Ask HN: Outsourcing marketing - bberenberg
I&#x27;m handling the business and tech side of my new company. Zero experience in marketing, and my current efforts have shown to be mediocre at best. I have been looking at bringing in a contractor for part time stuff, but was also considering going with an outsourced marketing firm. Would love to hear feedback from how others have managed the situation. And if you found a particularly helpful marketing team, if you could share a link I would appreciate it. Thanks &lt;3
======
grizzles
I think of outsourcing marketing as a competitive process. The goal is to find
the marketer that can get you the lowest customer acquisition cost per
marketing dollar spent. That is the only thing that matters.

So I typically get a group of prospective marketers and ask each one how
they'd spend (eg. $1000), de-duplicate and then do what they suggest. I give
the business to the one who's campaign gave the best results.

This doesn't guarantee you will get the marketer that will get you the best
results. It does guarantee you will find the one with the best intuition for
the next step in your marketing process improvement. Rinse repeat every few
months.

As an aside, for DIYers, I think Google is back on top. Their AI efforts are
having a huge impact on their ability to surface relevant ads. A DIYer can
approximate what the big brands are doing with Smart Goals and Automated
Insights.

The process I described above is kind of like a single step in an ai type
optimization process to find the global maximum of your marketing spend.

------
Gustomaximus
Marketing is a broad field and disciplines have different
involvement/relationships to how work is done. Plus your company situations
etc... so broad caveat that this is limited information answer.

I'd be inclined to recommend someone part-time/contract if you have a
reasonably narrow or marketing skillets required. Mainly for 1) You'll
probably get better rates going direct vs a company that has to layer a margin
on-top. 2) If your company grows its easier to bring in a person contributing
to your success than if they are contracted to a larger company.

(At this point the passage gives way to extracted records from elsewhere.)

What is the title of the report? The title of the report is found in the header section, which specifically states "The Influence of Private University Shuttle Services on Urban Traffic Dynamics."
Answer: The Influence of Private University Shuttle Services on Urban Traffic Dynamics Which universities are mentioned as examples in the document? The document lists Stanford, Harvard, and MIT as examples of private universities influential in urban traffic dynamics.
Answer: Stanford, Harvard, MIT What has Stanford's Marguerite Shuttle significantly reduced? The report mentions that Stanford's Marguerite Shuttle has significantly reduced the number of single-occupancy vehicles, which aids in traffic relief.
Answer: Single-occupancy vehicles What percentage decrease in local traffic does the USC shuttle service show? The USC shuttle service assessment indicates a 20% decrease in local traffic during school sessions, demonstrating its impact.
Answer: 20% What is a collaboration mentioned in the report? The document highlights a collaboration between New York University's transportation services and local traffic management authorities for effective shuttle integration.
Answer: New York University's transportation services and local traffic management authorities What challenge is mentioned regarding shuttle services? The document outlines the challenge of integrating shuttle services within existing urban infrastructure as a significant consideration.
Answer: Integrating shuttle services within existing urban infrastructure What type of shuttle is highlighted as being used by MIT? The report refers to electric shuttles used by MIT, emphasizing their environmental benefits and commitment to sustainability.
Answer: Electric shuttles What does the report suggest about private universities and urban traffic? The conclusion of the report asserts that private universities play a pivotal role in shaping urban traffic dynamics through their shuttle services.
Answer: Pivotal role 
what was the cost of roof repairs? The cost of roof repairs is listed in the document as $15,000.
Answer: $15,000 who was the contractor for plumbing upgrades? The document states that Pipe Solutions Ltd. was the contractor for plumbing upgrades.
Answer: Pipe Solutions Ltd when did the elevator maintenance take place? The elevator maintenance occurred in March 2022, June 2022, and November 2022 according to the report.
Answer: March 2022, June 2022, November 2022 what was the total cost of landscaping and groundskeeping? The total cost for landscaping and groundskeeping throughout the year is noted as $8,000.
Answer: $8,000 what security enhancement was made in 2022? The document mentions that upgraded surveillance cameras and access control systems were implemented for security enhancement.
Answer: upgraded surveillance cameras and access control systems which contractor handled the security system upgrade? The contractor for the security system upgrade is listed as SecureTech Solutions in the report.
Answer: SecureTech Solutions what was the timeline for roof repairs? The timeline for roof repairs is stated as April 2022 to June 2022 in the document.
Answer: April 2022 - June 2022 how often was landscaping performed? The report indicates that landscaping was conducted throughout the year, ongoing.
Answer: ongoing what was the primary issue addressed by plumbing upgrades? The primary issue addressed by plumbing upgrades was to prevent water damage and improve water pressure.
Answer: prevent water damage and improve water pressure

If you need broad marketing skill-sets, then a agency may be better. They can
co-ordinate work across the many people within their agency. If you do go a
firm/agency I would really recommend being careful you dont get their talent
pitching you, then the work is handed to the cheap drone. This is a problem in
many agencies.

Most importantly, do you know what marketing work you need?

------
cm2012
Hire a contractor to help you learn the ropes/make a plan. I don't recommend
an oursourced firm until you have a firm product market fit.

------
ecesena
I can send you my recommendation but would prefer dm. You can ping me via
email (in my profile), or just lmk how can I reach you.

------
danieltillett
Are you sure you need marketing and not sales help?